Ob es durch das Apnoetauchen zu wiederholten akuten Sauerstoffmangelsituationen mit Schädigungen des Gehirns oder anderer Organe kommen kann, ist wissenschaftlich noch nicht geklärt. Es ist unwahrscheinlich, jedoch nicht völlig auszuschließen.

Eindringlich muss an dieser Stelle vor jeder Art von Selbstversuchen gewarnt werden! Gefährlich am Luftanhalten sind nicht nur ungesicherte Tauchgänge, sondern auch Versuche an Land. Eine Bewusslosigkeit ist ohne schnelle und erfahrene Hilfeleistung eine lebensbedrohliche Situation. Es besteht akute Lebensgefahr, von Selbstversuchen ist grundsätzlich abzuraten!

Physiologie des Tieftauchens

Das Tieftauchen unter Apnoe stellt auf Grund komplexer physikalischer und physiologischer Zusammenhänge eine extreme Herausforderung an einen Freitaucher dar. Die Apnoeleistung wird durch die Fähigkeit zum Druckausgleich, sowie durch einen ökonomisierten Sauerstoffverbrauch beschränkt.

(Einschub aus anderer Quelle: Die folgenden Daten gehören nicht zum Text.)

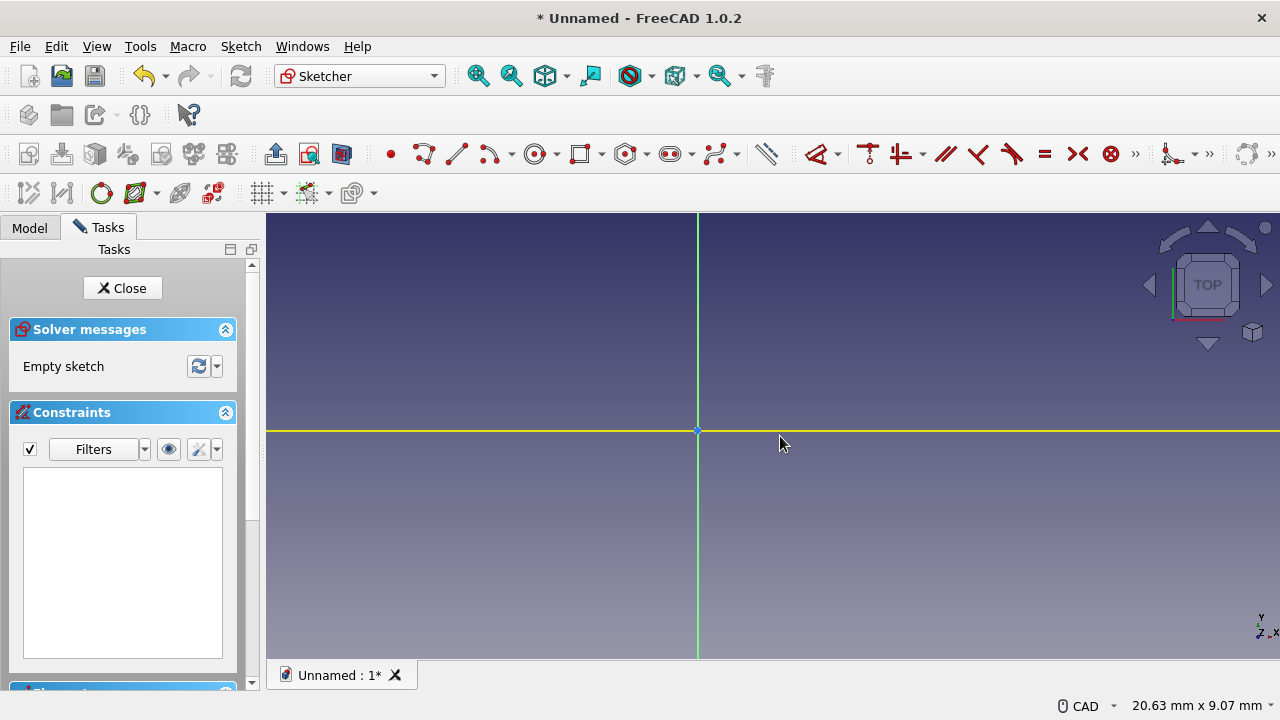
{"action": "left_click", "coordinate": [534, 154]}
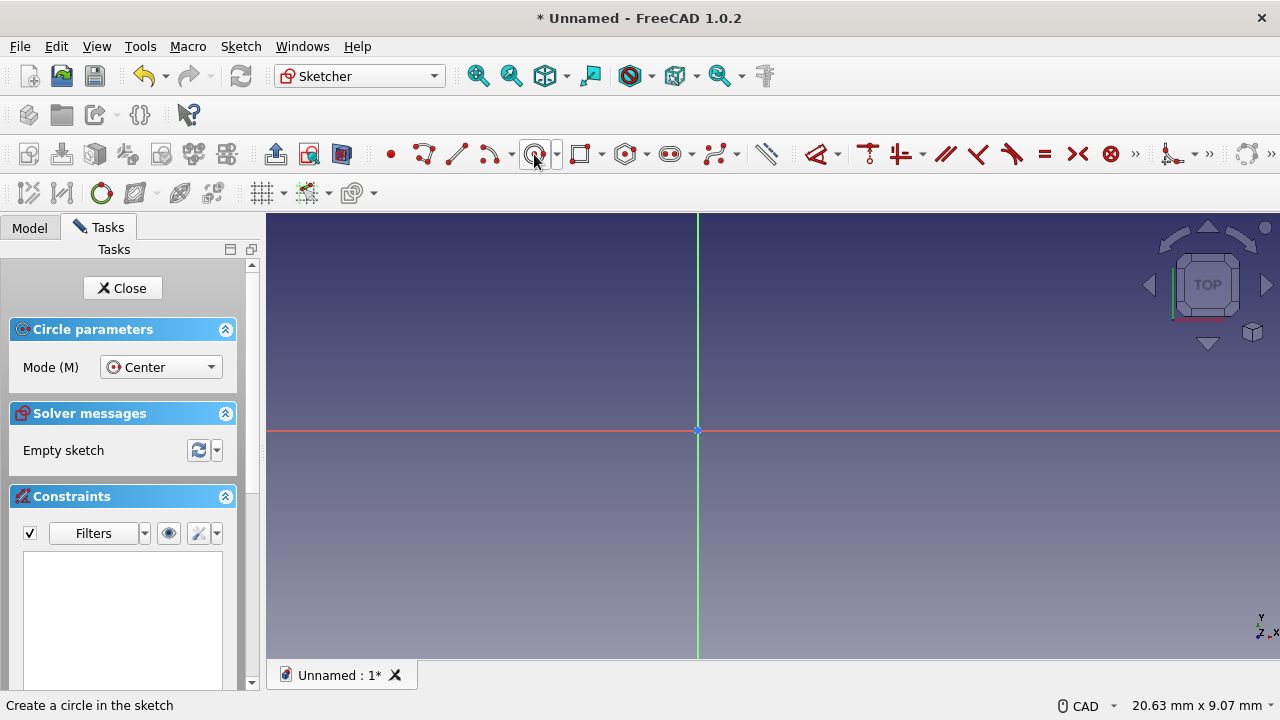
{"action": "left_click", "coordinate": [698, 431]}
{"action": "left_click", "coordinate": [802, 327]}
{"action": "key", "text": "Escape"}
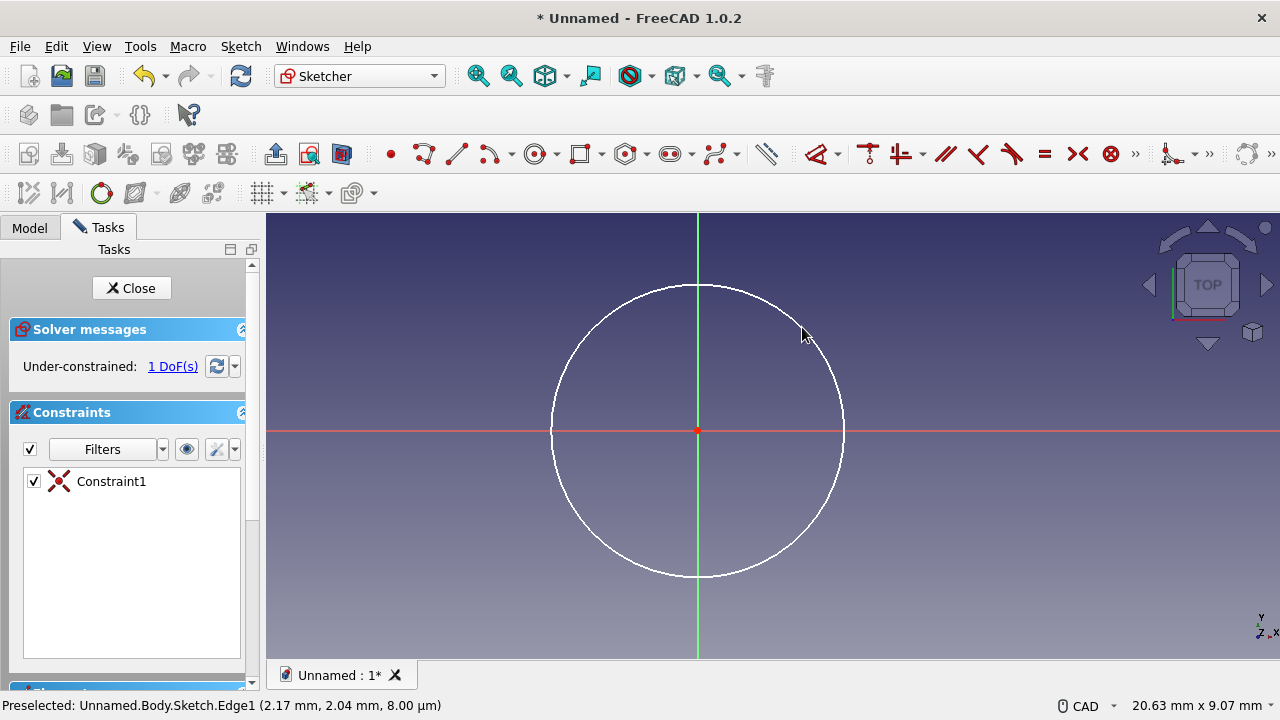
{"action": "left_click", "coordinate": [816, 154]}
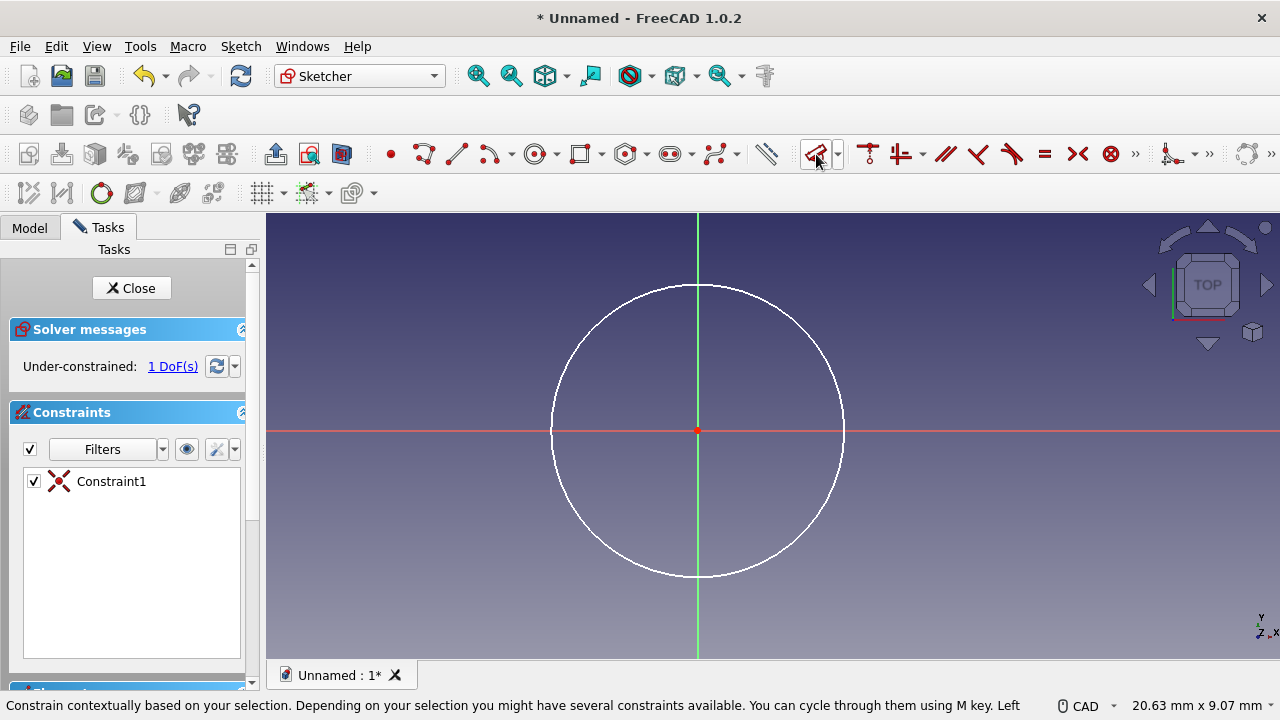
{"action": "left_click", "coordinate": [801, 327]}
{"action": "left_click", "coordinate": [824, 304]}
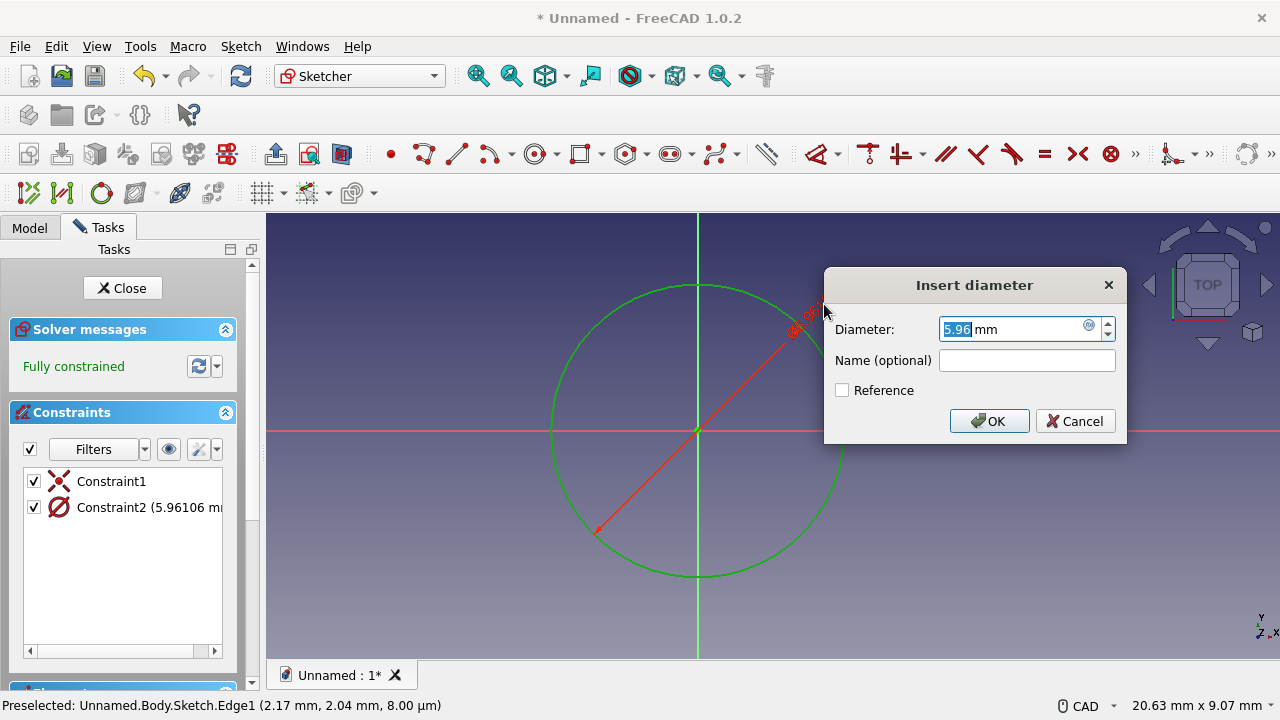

Der Taucher hat bei einem Tieftauchgang kaum Möglichkeiten, einen Versuch frühzeitig zu beenden. Er muss ja in jedem Fall zurück an die Wasseroberfläche. Der Taucher trifft deshalb die Entscheidung über die maximale Tiefe bereits vor dem Abtauchen. Im Leistungsport wird die Länge des Orientierungsseils genau auf die anvisierte Tiefe eingestellt. Eine Sicherungsleine verbindet den Taucher mit diesem Führungsseil.

In der Tiefe steigt der Umgebungsdruck, je –10 m um etwa +1 Bar (zum Vergleich: Autoreifen = 2 Bar). Diese Druckzunahme wirkt auf alle luftgefüllten Körperhöhlungen. Mit zunehmender Tiefe wirken aber auch Veränderungen der Gaspartialdrücke auf die physiologischen und neurologischen Vorgänge im Körper (Tiefenrausch u. ä.). Der Druckunterschied macht sich vor allem durch einen heftigen Schmerz im Ohr bemerkbar. Das Trommelfell reagiert sehr schmerzempfindlich und würde ohne Druckausgleich bereits nach wenigen Metern reißen. Andere druckschmerzempfindliche Körperhöhlungen sind Stirn- und Kiefernhöhlen. Der Taucher muss den Luftdruck in diesen Körperhöhlungen deshalb häufig gegen den Außendruck angleichen. Hierzu presst er wiederholt Luft aus seinen Lungen in die Höhlungen. Die Lunge selbst ist jedoch bereits in ca. 25 bis 35 m Tiefe auf das Volumen bei maximaler Ausatmung komprimiert. Um ohne Verletzungen dennoch tiefer zu tauchen, muss der Taucher seinen Körper anpassen und komplizierte Ausgleichstechniken erlernen. Durch spezielle Übungen lässt sich unter anderem die Elastizität des Brustkorbs, des Zwerchfells und der Zwischenrippenmuskulatur verbessern. Zum anderen entwickelt sich aber auch die Fähigkeit der Lunge, sich dem zunehmenden Druck durch Anreicherung von Blut und Lymphflüssigkeit im Gewebe anzupassen. Dieser Prozess, der „Bloodshift“ genannt wird, wird von vielen tauchenden Säugetieren wie Robben und Walen genutzt.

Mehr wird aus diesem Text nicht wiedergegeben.